**Work order**
An answer that reproduces all the entries exactly is what is needed.

(Source records)
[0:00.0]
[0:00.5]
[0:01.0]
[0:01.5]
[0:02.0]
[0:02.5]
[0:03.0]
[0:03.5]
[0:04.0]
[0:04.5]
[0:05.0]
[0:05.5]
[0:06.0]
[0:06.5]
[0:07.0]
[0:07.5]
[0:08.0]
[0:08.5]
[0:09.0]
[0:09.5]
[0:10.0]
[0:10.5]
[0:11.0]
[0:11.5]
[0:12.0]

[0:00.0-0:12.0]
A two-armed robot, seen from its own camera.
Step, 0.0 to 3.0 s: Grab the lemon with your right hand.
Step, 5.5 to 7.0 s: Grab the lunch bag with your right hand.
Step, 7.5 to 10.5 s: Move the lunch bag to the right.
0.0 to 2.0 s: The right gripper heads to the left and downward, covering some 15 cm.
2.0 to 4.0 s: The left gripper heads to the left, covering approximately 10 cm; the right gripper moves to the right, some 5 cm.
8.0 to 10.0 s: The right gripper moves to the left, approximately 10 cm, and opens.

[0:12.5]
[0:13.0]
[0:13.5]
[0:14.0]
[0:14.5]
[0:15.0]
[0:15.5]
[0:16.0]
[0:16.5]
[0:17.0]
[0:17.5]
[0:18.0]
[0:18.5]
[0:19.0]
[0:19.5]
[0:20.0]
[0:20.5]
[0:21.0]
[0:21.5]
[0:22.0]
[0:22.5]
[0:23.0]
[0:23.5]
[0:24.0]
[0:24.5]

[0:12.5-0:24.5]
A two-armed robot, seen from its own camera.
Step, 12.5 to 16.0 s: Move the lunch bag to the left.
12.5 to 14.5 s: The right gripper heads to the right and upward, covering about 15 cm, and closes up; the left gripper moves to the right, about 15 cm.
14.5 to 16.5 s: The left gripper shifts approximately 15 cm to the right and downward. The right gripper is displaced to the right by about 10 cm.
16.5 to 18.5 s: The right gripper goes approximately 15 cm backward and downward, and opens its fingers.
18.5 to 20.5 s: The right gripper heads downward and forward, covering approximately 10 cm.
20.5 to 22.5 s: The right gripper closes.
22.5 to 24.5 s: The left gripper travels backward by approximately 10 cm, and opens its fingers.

**Result**
[0:00.0]
[0:00.5]
[0:01.0]
[0:01.5]
[0:02.0]
[0:02.5]
[0:03.0]
[0:03.5]
[0:04.0]
[0:04.5]
[0:05.0]
[0:05.5]
[0:06.0]
[0:06.5]
[0:07.0]
[0:07.5]
[0:08.0]
[0:08.5]
[0:09.0]
[0:09.5]
[0:10.0]
[0:10.5]
[0:11.0]
[0:11.5]
[0:12.0]

[0:00.0-0:12.0]
A two-armed robot, seen from its own camera.
Step, 0.0 to 3.0 s: Grab the lemon with your right hand.
Step, 5.5 to 7.0 s: Grab the lunch bag with your right hand.
Step, 7.5 to 10.5 s: Move the lunch bag to the right.
0.0 to 2.0 s: The right gripper heads to the left and downward, covering some 15 cm.
2.0 to 4.0 s: The left gripper heads to the left, covering approximately 10 cm; the right gripper moves to the right, some 5 cm.
8.0 to 10.0 s: The right gripper moves to the left, approximately 10 cm, and opens.

[0:12.5]
[0:13.0]
[0:13.5]
[0:14.0]
[0:14.5]
[0:15.0]
[0:15.5]
[0:16.0]
[0:16.5]
[0:17.0]
[0:17.5]
[0:18.0]
[0:18.5]
[0:19.0]
[0:19.5]
[0:20.0]
[0:20.5]
[0:21.0]
[0:21.5]
[0:22.0]
[0:22.5]
[0:23.0]
[0:23.5]
[0:24.0]
[0:24.5]

[0:12.5-0:24.5]
A two-armed robot, seen from its own camera.
Step, 12.5 to 16.0 s: Move the lunch bag to the left.
12.5 to 14.5 s: The right gripper heads to the right and upward, covering about 15 cm, and closes up; the left gripper moves to the right, about 15 cm.
14.5 to 16.5 s: The left gripper shifts approximately 15 cm to the right and downward. The right gripper is displaced to the right by about 10 cm.
16.5 to 18.5 s: The right gripper goes approximately 15 cm backward and downward, and opens its fingers.
18.5 to 20.5 s: The right gripper heads downward and forward, covering approximately 10 cm.
20.5 to 22.5 s: The right gripper closes.
22.5 to 24.5 s: The left gripper travels backward by approximately 10 cm, and opens its fingers.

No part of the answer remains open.